Turkish political scientist

Cengiz Aktar (born 1955) is a Turkish political scientist, essayist and columnist. He has published numerous books on the European Union and its relations with Turkey. He was a director at the UNHCR and worked extensively with the European Commission. He initiated a campaign calling for an apology of the Turkish citizens towards the Armenians for the Armenian genocide.

==Biography==
Born in Istanbul in 1955, Cengiz Aktar studied in the Lycée de Galatasaray then went on to study in the Sorbonne in Paris where he obtained a PhD in Economic Epistemology in 1982. He continued to collaborate with his PhD advisor, Alain Caillé within the framework of La Revue du MAUSS. Aktar has been nominated in 2010 Chevalier at the French Ordre du Mérite.

He is a professor of political science presently invited at the University of Athens [EKPA]. He is a former director at the United Nations, specializing in asylum policies. He is known to be one of the leading advocates of Turkey's integration into the EU. He was the Chair of European Studies at Bahçeşehir University. In 1999, he initiated a civil initiative for Istanbul's candidacy for the title of European Capital of Culture. Istanbul successfully held the title in 2010. He also headed the initiative called "European Movement 2002" which aimed at putting pressure on the lawmaker to speed up political reforms necessary to begin the negotiation phase with the EU. In December 2008, he developed the idea of an online apology campaign addressed to Armenians and supported by a number of Turkish intellectuals as well as over 32.454 citizens of Turkey. In February 2011 he coordinated the participation of Turkish visitors to Auschwitz-Birkenau within Aladdin Project. Upon return he developed the idea of Holocaust education for mid-level college students.
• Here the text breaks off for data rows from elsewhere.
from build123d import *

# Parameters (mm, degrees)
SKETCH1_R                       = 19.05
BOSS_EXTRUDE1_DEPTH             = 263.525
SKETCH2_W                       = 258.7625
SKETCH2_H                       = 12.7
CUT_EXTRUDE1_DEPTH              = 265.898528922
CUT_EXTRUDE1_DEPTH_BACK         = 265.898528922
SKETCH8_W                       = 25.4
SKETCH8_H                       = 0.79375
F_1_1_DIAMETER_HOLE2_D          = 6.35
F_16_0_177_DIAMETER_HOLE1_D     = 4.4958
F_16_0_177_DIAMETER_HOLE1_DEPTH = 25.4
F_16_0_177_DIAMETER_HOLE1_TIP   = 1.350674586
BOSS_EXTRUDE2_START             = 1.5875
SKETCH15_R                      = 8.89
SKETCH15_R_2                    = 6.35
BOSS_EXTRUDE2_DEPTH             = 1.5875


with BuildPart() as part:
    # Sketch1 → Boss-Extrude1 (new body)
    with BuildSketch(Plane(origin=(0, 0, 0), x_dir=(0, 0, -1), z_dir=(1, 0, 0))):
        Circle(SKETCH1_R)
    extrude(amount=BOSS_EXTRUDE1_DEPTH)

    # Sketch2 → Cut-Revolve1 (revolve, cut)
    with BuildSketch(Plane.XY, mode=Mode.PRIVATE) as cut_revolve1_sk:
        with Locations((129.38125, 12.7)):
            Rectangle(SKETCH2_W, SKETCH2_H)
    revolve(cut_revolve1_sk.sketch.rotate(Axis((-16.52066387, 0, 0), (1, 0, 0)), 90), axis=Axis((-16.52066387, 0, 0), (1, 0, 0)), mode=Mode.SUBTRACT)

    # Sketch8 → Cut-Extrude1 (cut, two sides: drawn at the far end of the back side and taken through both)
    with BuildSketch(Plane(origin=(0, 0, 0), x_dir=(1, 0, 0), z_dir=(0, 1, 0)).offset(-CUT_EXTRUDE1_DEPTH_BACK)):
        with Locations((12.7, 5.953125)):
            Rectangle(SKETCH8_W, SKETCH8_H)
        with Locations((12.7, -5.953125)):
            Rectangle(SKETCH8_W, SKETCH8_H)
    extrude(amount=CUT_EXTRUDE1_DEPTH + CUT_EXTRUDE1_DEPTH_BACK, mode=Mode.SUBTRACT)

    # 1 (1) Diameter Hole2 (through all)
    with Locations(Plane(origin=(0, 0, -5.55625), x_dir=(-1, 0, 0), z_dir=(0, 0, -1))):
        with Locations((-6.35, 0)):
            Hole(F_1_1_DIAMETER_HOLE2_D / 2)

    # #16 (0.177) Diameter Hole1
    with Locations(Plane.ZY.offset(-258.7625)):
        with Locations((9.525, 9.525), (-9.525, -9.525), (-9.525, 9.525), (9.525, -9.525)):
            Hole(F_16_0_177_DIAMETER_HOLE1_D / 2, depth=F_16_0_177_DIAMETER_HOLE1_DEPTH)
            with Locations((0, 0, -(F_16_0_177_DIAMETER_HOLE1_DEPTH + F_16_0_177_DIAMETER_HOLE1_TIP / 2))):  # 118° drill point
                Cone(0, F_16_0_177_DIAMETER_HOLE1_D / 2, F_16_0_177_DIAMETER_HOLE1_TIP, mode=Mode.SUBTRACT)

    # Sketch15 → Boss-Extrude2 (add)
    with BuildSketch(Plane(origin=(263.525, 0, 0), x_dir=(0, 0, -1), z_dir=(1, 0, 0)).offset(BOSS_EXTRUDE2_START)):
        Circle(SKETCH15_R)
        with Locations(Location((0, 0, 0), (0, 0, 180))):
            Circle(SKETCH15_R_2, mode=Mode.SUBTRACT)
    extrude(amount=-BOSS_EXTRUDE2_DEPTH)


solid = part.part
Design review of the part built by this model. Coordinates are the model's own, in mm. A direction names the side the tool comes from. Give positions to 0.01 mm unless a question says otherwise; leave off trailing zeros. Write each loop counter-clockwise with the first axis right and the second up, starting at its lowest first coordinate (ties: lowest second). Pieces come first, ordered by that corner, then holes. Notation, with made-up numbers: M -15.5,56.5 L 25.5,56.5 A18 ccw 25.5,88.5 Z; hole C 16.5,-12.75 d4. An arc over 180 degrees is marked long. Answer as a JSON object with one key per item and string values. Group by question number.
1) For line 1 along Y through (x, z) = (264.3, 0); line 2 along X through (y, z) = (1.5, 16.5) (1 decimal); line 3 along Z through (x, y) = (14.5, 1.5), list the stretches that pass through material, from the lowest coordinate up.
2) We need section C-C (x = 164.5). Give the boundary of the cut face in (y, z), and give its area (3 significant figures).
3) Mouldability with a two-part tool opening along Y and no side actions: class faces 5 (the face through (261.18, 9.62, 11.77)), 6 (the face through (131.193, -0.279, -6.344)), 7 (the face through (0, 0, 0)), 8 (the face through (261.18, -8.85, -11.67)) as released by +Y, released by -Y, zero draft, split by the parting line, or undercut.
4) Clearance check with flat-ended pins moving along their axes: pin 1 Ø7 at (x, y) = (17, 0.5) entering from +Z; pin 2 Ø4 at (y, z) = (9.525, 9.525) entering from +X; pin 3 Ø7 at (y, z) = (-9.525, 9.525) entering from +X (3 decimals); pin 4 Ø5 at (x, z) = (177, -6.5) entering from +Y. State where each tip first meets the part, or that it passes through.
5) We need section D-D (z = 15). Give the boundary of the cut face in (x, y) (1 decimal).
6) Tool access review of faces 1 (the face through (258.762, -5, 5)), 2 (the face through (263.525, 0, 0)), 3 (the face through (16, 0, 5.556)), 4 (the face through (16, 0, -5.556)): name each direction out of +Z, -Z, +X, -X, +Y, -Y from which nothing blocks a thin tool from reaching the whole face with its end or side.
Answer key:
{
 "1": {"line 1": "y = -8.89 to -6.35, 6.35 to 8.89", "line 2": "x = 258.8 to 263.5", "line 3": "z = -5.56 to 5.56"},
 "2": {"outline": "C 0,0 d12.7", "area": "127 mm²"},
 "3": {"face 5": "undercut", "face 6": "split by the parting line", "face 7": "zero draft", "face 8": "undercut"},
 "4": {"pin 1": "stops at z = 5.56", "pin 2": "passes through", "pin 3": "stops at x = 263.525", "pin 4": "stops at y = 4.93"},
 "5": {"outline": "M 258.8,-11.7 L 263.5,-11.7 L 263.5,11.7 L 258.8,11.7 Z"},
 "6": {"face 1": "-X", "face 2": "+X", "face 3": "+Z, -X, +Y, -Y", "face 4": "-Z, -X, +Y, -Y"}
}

The project run for three school years with ENKA schools in Istanbul.

Before Athens Aktar has been the Chair of European Union Studies in the Economic and Administrative Sciences Department of Bahçeşehir University. He also taught in the International Relations Department of Galatasaray University. He extensively wrote, taught and trained about the European Union and its relations with Turkey.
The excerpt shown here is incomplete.